> **TASK BRIEF**:
Write exactly, with no line omitted or added, the span beginning at the line that holds "And the truck (798,563,891,605)." and ending at the last line of the records.

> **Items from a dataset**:
━━━━
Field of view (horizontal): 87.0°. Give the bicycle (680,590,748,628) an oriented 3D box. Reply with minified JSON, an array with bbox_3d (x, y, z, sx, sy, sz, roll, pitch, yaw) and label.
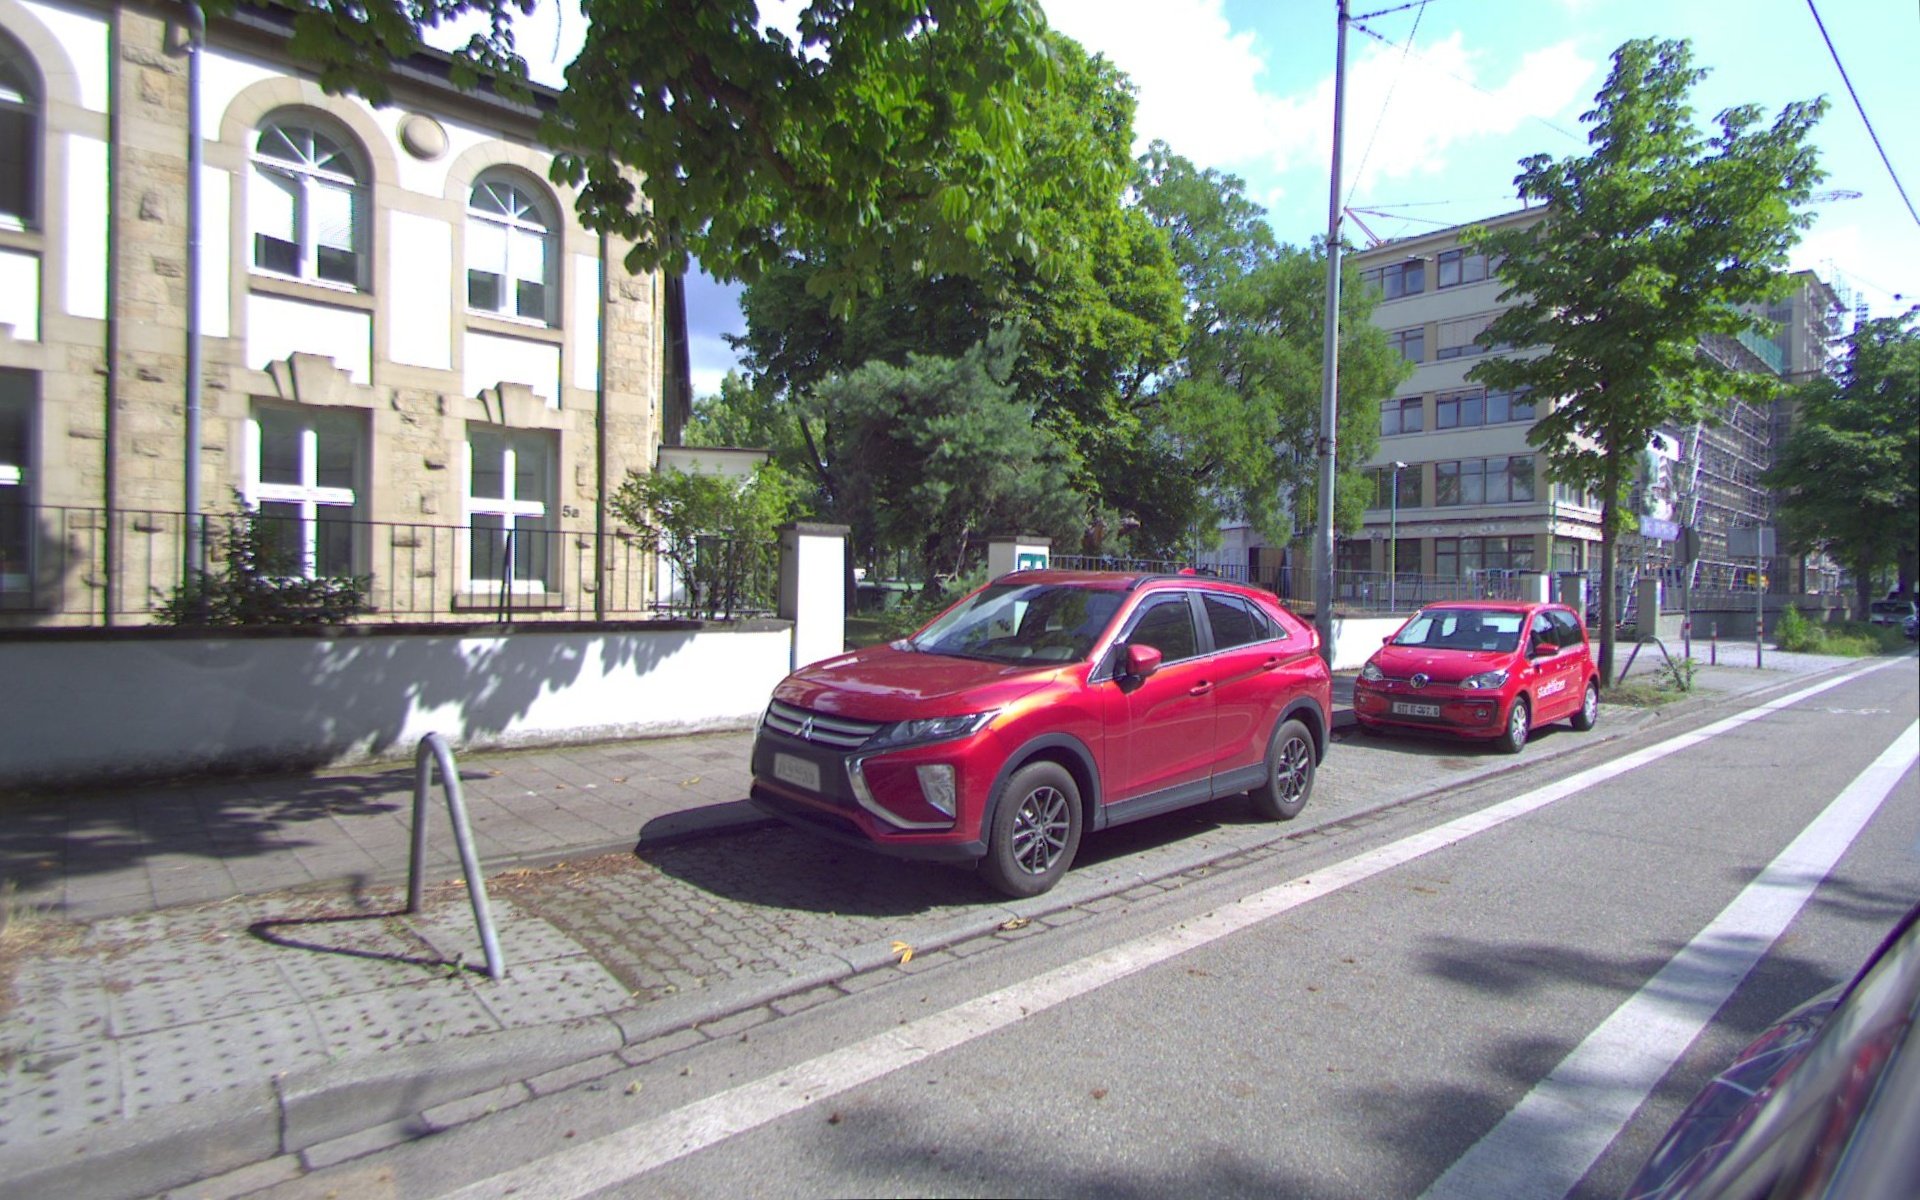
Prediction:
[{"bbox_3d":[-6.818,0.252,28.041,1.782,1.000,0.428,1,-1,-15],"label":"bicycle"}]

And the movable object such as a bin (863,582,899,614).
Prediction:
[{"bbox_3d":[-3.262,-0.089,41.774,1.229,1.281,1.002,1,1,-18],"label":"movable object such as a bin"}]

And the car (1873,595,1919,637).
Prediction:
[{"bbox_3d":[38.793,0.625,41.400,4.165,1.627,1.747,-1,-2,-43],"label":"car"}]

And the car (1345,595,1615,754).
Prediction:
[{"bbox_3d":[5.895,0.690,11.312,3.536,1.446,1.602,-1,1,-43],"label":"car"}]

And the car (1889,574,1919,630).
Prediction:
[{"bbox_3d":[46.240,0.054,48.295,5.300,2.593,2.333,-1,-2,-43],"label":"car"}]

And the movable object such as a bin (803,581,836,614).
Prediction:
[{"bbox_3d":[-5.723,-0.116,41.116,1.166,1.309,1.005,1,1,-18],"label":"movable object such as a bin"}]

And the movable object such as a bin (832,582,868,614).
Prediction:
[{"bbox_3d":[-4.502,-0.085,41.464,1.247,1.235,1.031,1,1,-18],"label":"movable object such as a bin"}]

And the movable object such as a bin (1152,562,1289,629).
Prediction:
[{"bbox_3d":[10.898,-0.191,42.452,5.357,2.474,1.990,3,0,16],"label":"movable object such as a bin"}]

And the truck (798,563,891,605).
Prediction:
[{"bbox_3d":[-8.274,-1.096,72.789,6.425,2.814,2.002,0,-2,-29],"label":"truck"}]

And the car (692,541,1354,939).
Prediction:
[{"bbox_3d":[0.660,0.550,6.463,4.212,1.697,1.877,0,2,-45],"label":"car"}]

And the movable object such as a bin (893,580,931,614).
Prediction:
━━━━
> **COMPLETED EXERCISE**:
And the truck (798,563,891,605).
Prediction:
[{"bbox_3d":[-8.274,-1.096,72.789,6.425,2.814,2.002,0,-2,-29],"label":"truck"}]

And the car (692,541,1354,939).
Prediction:
[{"bbox_3d":[0.660,0.550,6.463,4.212,1.697,1.877,0,2,-45],"label":"car"}]

And the movable object such as a bin (893,580,931,614).
Prediction:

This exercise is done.